Transfer time: Not sure what to do here. Sector size is 512 bytes and rate is 3.5 MB/sec -- what do I need to calculate here?
Overhead: 5.5ms
Disk Access time:
I believe the answer is about 25ms
Resulting from (seek time) 12 ms + (average rotational delay) 8.3 + (transfer time) ? + (overhead) 5.5ms.
Best Answer
We need to know:
Seek time: 12 ms (given in text)
Average rotational delay: 3600 RPM = 60 revs per second, or 16.7 ms/rev. Average is half that, or 8.3 ms.

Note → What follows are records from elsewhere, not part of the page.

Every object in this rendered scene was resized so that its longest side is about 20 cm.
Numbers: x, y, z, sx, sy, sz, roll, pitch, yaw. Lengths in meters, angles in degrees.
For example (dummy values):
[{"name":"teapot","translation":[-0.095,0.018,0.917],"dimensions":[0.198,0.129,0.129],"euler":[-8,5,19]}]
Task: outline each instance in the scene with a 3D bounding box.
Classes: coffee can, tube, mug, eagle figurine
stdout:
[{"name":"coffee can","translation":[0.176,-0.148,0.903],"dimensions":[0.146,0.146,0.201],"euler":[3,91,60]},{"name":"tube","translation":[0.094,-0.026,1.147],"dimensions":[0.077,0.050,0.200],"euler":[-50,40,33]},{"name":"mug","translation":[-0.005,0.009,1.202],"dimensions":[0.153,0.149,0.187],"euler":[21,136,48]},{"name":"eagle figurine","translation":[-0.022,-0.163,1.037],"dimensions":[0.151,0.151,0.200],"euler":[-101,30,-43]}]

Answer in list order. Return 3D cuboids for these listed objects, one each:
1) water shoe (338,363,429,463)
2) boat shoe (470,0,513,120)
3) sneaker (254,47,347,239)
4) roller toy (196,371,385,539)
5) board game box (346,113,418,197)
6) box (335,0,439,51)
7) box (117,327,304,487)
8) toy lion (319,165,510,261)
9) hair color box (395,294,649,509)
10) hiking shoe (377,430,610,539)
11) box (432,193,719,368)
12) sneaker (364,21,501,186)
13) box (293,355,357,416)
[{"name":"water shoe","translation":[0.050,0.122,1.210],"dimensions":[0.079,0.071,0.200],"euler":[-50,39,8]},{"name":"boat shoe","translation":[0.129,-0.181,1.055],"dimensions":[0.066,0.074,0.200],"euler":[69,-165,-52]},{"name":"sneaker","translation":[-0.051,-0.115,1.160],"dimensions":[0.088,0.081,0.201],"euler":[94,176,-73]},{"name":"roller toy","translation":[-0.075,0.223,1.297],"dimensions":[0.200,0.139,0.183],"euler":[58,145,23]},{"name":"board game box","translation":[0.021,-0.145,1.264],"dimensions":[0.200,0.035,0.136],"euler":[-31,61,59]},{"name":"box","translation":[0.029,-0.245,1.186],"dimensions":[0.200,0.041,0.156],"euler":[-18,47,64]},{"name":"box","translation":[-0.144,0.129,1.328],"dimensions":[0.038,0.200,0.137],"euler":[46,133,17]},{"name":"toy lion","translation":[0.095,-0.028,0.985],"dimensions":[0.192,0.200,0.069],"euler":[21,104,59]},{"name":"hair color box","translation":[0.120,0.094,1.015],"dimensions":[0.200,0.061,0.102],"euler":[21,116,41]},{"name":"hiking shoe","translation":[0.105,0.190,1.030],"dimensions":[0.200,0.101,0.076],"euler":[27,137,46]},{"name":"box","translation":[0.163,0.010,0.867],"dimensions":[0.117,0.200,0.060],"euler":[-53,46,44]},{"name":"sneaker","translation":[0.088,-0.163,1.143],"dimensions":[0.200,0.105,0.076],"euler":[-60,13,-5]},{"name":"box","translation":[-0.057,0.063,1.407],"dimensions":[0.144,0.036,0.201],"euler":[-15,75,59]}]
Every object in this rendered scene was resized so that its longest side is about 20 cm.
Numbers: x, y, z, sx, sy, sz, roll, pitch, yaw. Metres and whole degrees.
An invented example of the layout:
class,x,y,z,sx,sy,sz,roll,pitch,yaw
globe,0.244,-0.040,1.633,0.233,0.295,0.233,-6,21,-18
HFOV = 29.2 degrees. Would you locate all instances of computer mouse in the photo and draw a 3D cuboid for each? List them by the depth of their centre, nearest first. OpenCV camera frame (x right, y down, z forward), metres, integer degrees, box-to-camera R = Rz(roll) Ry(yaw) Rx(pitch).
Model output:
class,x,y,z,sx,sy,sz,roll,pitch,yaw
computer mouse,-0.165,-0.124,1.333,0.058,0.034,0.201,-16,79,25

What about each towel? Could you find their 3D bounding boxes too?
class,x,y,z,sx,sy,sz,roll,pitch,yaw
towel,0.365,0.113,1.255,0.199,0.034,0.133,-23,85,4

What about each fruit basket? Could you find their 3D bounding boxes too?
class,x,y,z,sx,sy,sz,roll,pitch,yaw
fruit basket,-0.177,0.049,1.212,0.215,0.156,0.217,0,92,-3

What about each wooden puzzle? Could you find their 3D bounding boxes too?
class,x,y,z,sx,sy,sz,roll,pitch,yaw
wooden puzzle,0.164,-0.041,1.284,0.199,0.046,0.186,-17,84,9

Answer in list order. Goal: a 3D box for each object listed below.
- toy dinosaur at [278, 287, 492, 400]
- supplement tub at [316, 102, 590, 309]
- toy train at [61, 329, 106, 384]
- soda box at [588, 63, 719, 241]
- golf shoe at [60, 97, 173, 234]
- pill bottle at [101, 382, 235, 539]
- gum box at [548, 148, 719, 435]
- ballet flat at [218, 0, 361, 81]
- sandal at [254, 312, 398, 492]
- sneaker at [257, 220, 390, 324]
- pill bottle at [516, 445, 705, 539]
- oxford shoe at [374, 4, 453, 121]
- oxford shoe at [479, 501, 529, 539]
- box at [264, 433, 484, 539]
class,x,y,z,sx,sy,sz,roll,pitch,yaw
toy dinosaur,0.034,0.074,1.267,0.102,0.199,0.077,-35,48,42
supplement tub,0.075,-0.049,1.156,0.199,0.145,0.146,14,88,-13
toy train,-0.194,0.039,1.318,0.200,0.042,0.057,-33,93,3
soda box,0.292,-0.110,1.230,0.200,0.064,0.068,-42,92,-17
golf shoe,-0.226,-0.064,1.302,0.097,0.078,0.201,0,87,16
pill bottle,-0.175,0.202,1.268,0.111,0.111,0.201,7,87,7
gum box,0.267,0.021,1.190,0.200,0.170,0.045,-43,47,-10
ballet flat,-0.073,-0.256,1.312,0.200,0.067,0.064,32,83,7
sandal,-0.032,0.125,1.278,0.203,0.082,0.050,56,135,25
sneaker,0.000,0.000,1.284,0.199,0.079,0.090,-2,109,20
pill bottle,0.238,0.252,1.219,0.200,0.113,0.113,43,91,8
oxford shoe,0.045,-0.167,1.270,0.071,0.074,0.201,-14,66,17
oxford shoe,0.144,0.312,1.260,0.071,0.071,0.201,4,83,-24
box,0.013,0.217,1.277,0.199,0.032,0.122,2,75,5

Transfer time: 512 / 3.5 MB/s = 146 µs -- however, it will take a little longer to actually read the sector, since there are 64 sectors on the disk, and the disk rotates once every 16.7 ms, each sector will take 16.7 ms / 64 = 260 µs to read. Since this is greater than the transfer time, it is the figure to use.
Overhead: 5.5ms (given in text)
Disk Access time:
Seek time (12 ms) + Average rotational delay (8.3 ms) + Sector read time (260 µs) + Overhead (5.5 ms) = 26.1 ms
It is possible, depending on how the disk controller works, the sector may be read into a hardware buffer (260 µs) and then transferred to memory (146 µs) as two separate operations, in which case the answer would be 26.2 ms instead.